Dans le cadre de ce projet, des personnes pourraient être conduites de force vers l'un de ces pays avant que leur cas ne soit examiné, même en cas de recours.

Le nouveau projet de règles, qui doit être approuvé par les pays de l'UE et le Parlement européen pour entrer en vigueur, a été dévoilé alors que plusieurs pays, dont le Royaume-Uni et l'Italie, cherchent à créer des «centres de retour» dans des pays tiers où les demandeurs d'asile déboutés pourraient être retenus jusqu'à leur expulsion.

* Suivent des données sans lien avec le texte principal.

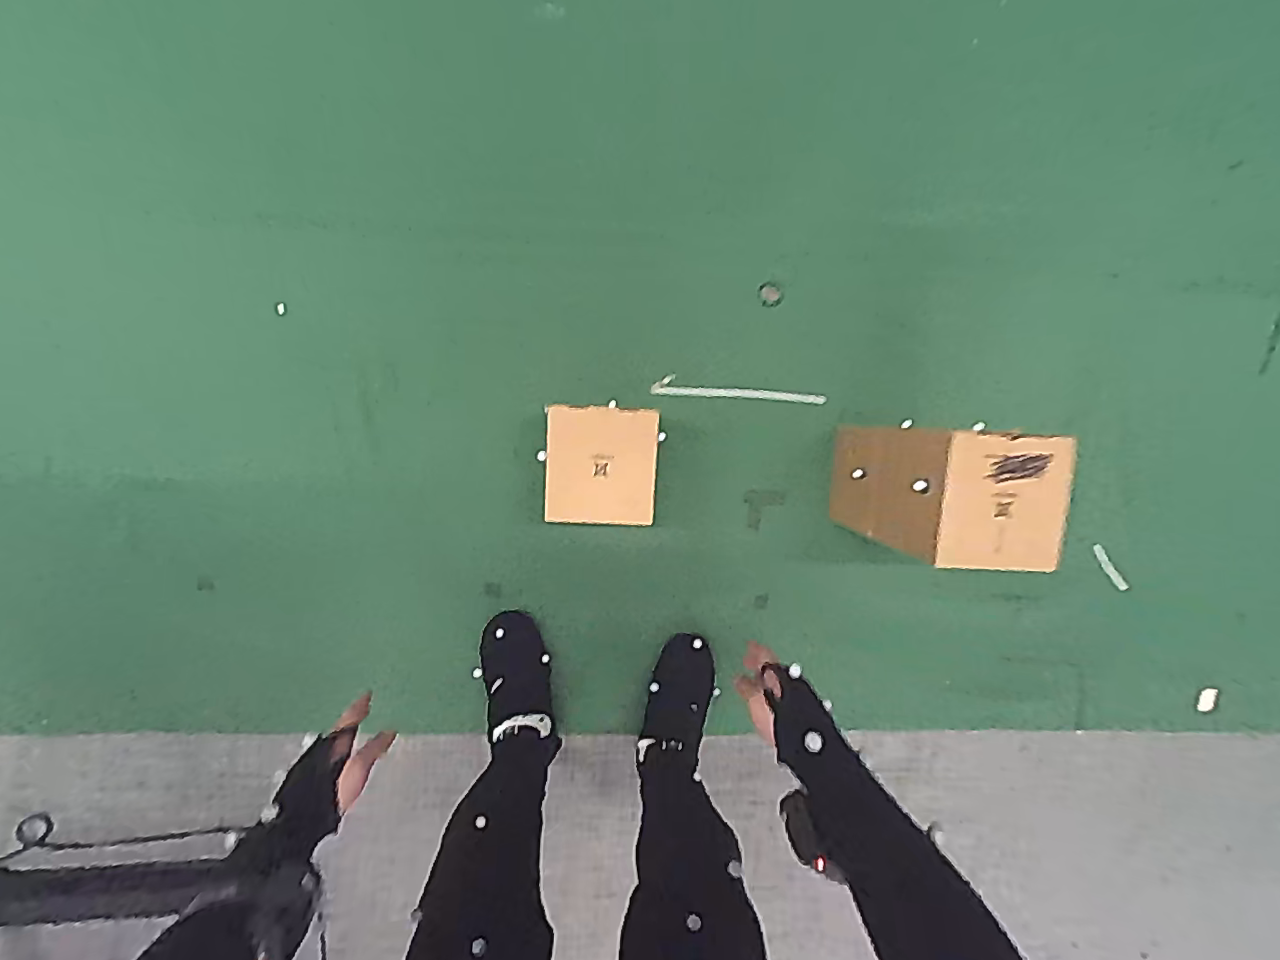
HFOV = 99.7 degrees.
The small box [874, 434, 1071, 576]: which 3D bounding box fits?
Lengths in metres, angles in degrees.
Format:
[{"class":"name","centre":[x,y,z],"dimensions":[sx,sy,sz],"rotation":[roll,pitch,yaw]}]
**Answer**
[{"class":"small box","centre":[0.456,0.027,0.768],"dimensions":[0.168,0.176,0.179],"rotation":[3,96,-5]}]

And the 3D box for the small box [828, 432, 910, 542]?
[{"class":"small box","centre":[0.440,0.009,0.931],"dimensions":[0.168,0.176,0.179],"rotation":[4,96,-5]}]

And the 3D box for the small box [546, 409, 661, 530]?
[{"class":"small box","centre":[-0.060,-0.023,0.891],"dimensions":[0.168,0.176,0.179],"rotation":[3,95,-4]}]

La Commission a déclaré que son projet accélérerait les procédures d'asile et allégerait la pression sur les administrations et les structures européennes. Le droit européen exige actuellement des autorités qu'elles prouvent l'existence d'un lien entre les demandeurs et le pays tiers sûr vers lequel ils pourraient être envoyés.

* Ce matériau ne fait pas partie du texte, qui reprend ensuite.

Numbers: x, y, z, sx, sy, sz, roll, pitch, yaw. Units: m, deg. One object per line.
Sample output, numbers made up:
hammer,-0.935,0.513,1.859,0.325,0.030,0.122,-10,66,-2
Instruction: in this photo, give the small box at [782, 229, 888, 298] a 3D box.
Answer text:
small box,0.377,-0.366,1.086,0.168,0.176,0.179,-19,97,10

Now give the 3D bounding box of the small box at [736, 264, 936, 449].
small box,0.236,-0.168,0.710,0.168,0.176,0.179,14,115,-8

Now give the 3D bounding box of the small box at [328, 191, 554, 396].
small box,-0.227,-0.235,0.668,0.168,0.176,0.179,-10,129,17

«Au lieu de consacrer un temps et des ressources incalculables à se décharger de ses responsabilités sur d'autres pays, l'UE devrait investir dans ses propres systèmes d'asile», a pointé Olivia Sundberg Diez, défenseuse de la migration et du droit d'asile à Amnesty International. 

«Envoyer des personnes vers des pays avec lesquels elles n'ont aucun lien, aucun soutien et aucune perspective, ou n'ont transité que brièvement est non seulement chaotique et arbitraire, mais aussi dévastateur sur le plan humain», a soutenu Mme Diez.

Plus d'un million de personnes sont arrivées en Europe il y a dix ans, déclenchant une crise politique quant à leur prise en charge. Les tensions entre voisins européens restent palpables. Depuis, les lois sur l'immigration n'ont cessé de se durcir.

Le mois dernier, la Commission européenne a déclaré que sept pays – le Bangladesh, la Colombie, l'Égypte, l'Inde, le Kosovo, le Maroc et la Tunisie – devraient être désignés comme «tiers pays sûrs».

Elle a précisé que les migrants originaires de ces pays ont peu de chances d'obtenir l'asile en Europe et que leur demande devrait être traitée en trois mois, au lieu des six mois habituels, afin de pouvoir être renvoyés chez eux plus rapidement.

Les demandes d'asile des personnes originaires de pays candidats à l'adhésion à l'UE – Albanie, Bosnie-Herzégovine, Géorgie, Moldavie, Monténégro, Macédoine du Nord, Serbie et Turquie – bénéficieraient également d'une procédure accélérée.